Secondary Contact Recreation
Enterococci organism levels must not exceed a geometric mean value of 70 colonies/100 mL, with not more than 10 percent of all samples (or any single sample when less than ten sample points exist) obtained for calculating the geometric mean value exceeding 208 colonies/100 mL.
(i) When averaging bacteria sample data for comparison to the geometric mean criteria, it is preferable to average by season and include five or more data collection events within each period. Averaging of data collected beyond a thirty-day period, or beyond a specific discharge event under investigation, is not permitted when such averaging would skew the data set so as to mask noncompliance periods. The period of averaging should not exceed twelve months, and should have sample collection dates well distributed throughout the reporting period.
(ii) When determining compliance with the bacteria criteria in or around small sensitive areas, such as swimming beaches, it is recommended that multiple samples are taken throughout the area during each visit. Such multiple samples should be arithmetically averaged together (to reduce concerns with low bias when the data is later used in calculating a geometric mean) to reduce sample variability and to create a single representative data point.
(iii) As determined necessary by the department, more stringent bacteria criteria may be established for waters that cause, or significantly contribute to, the decertification or conditional certification of commercial or recreational shellfish harvest areas, even when the preassigned bacteria criteria for the water is being met.
(iv) Where information suggests that sample results are due primarily to sources other than warm-blooded animals (e.g., wood waste), alternative indicator criteria may be established on a site-specific basis by the department.

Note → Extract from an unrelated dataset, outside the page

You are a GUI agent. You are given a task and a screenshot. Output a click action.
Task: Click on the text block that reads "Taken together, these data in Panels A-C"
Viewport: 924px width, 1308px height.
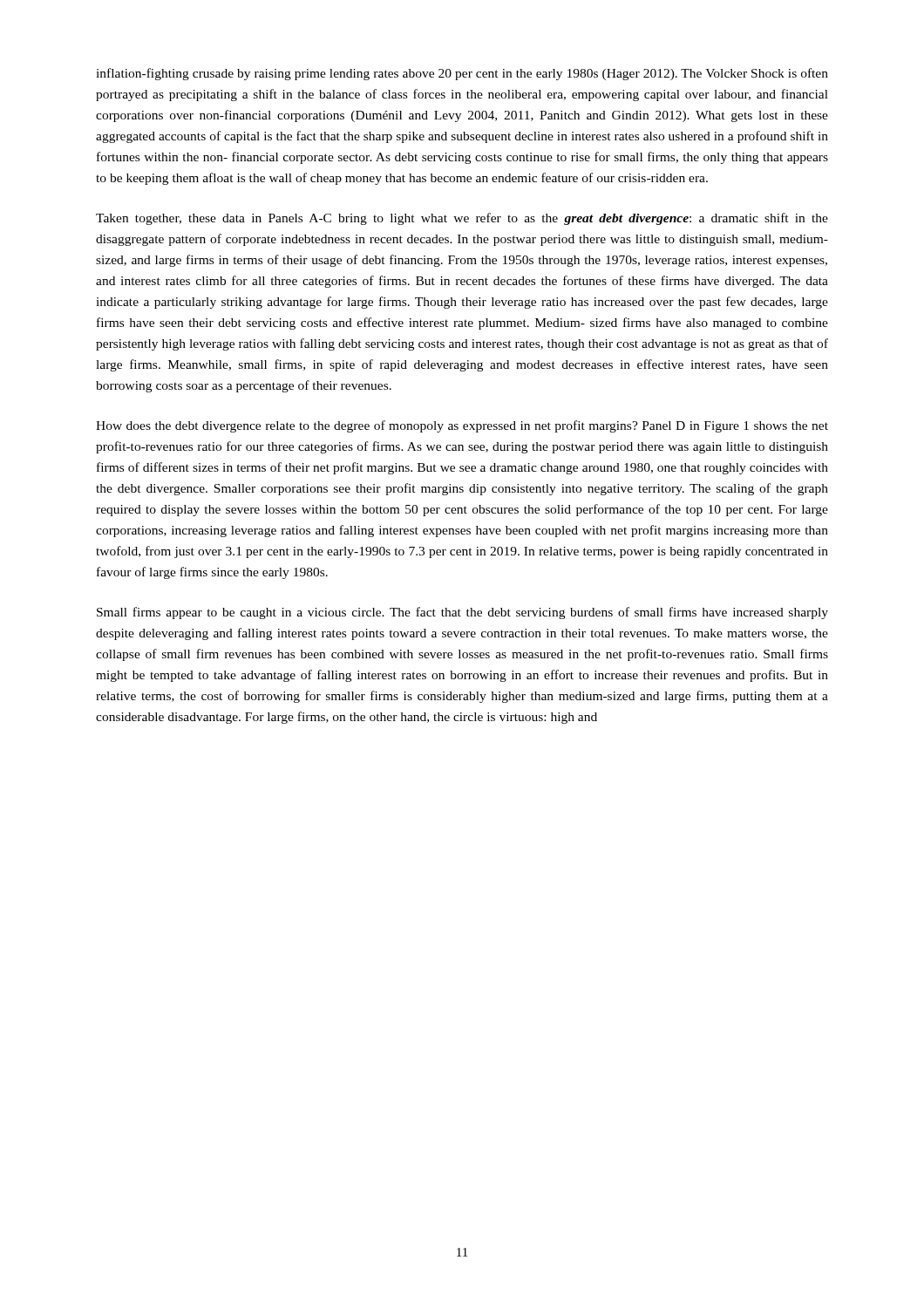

(4) Miscellaneous uses. The miscellaneous marine water uses are wildlife habitat, harvesting, commerce and navigation, boating, and aesthetics.
General criteria. General criteria that apply in miscellaneous marine water uses are described in WAC 173-201A-260 (2)(a) and (b), and are for:
(a) Toxic, radioactive, and deleterious materials; and
(b) Aesthetic values.
[Statutory Authority: RCW 90.48.035. WSR 11-09-090 (Order 10-10), § 173-201A-210, filed 4/20/11, effective 5/21/11; WSR 06-23-117 (Order 06-04), § 173-201A-210, filed 11/20/06, effective 12/21/06. Statutory Authority: Chapters 90.48 and 90.54 RCW. WSR 03-14-129 (Order 02-14), § 173-201A-210, filed 7/1/03, effective 8/1/03.]